### [Activity]
Below are records that contain pictures; transcribe the text exactly and omit the pictures.

### [Recorded data]
________
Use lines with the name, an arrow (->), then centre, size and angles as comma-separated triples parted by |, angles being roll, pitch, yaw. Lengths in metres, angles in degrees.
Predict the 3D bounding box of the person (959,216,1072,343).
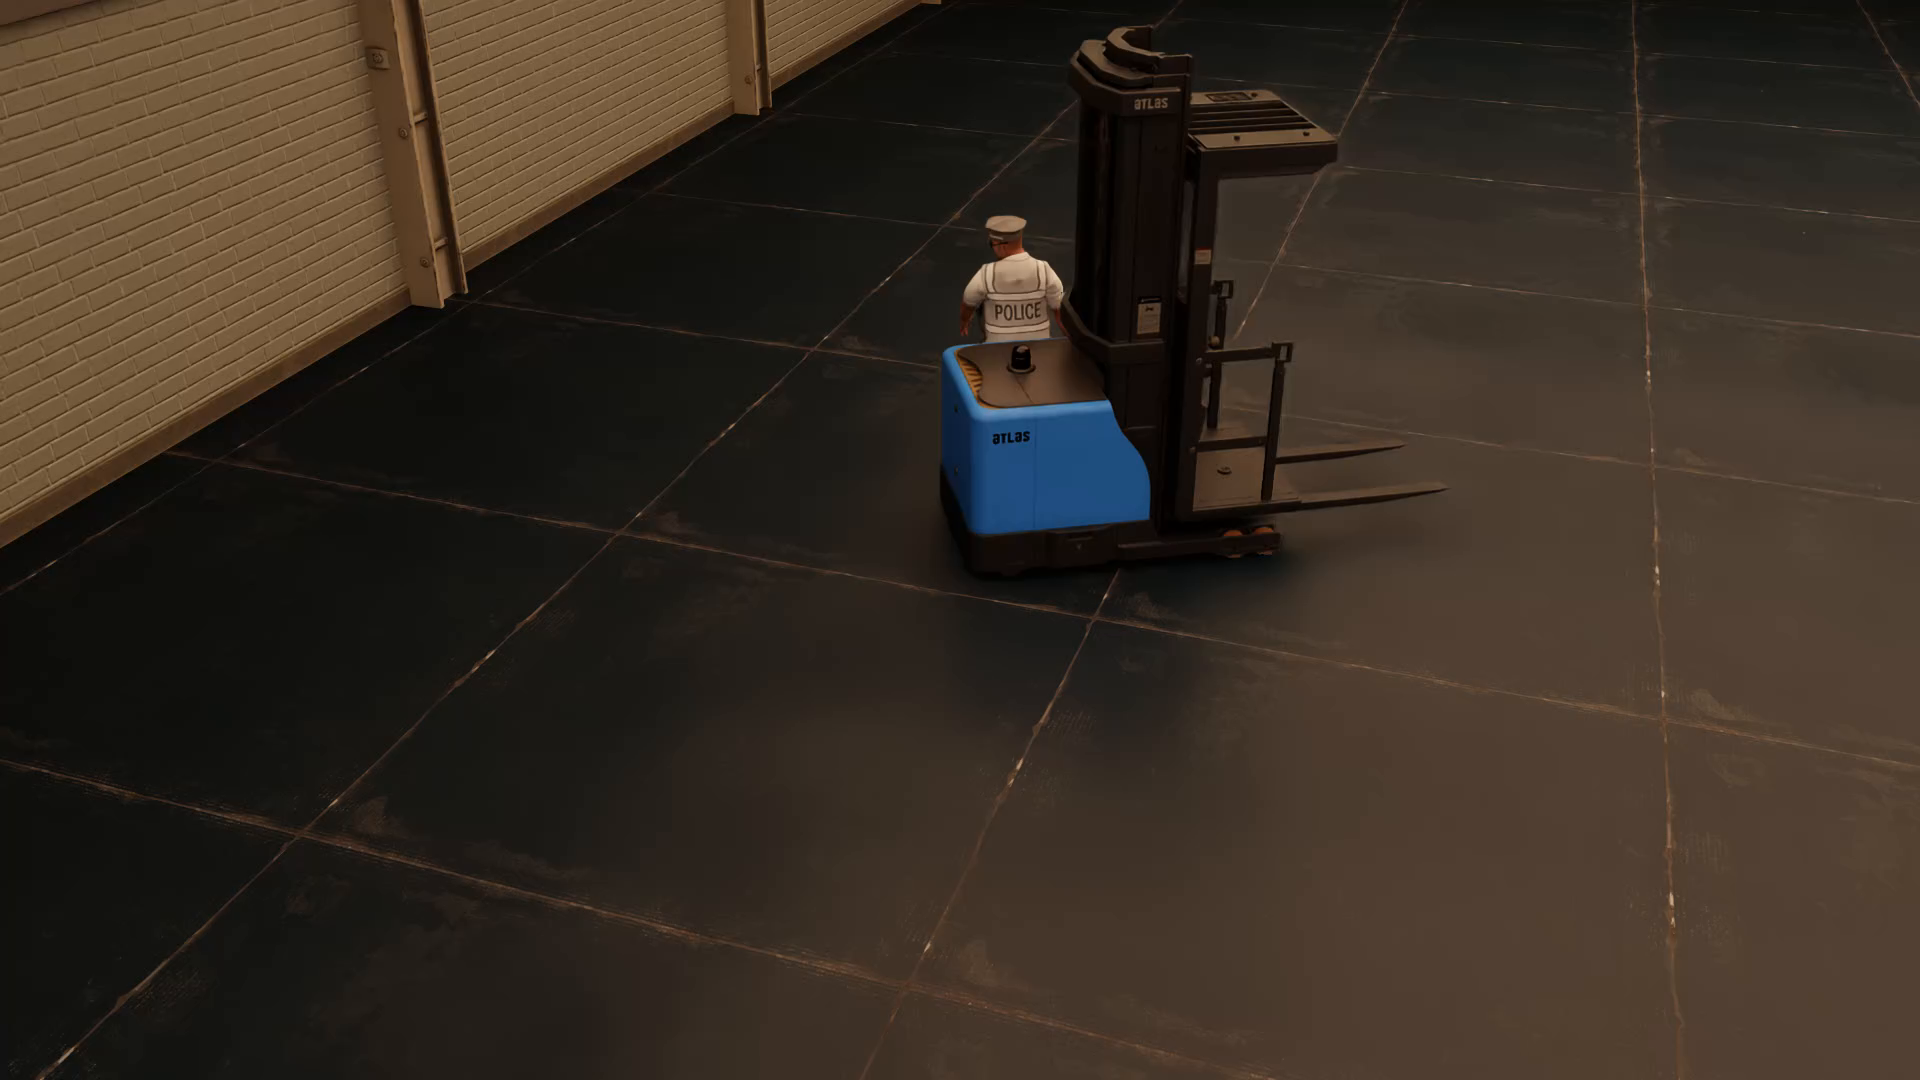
person -> 0.374, -1.258, 10.650 | 0.747, 1.737, 0.939 | -6, 30, -10

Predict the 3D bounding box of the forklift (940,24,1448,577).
forklift -> 1.446, -1.415, 9.618 | 3.031, 2.935, 1.130 | -6, 30, -10
________
### [Response area]
Use lines with the name, an arrow (->), then centre, size and angles as comma-separated triples parted by |, angles being roll, pitch, yaw. Lengths in metres, angles in degrees.
Predict the 3D bounding box of the person (959,216,1072,343).
person -> 0.374, -1.258, 10.650 | 0.747, 1.737, 0.939 | -6, 30, -10

Predict the 3D bounding box of the forklift (940,24,1448,577).
forklift -> 1.446, -1.415, 9.618 | 3.031, 2.935, 1.130 | -6, 30, -10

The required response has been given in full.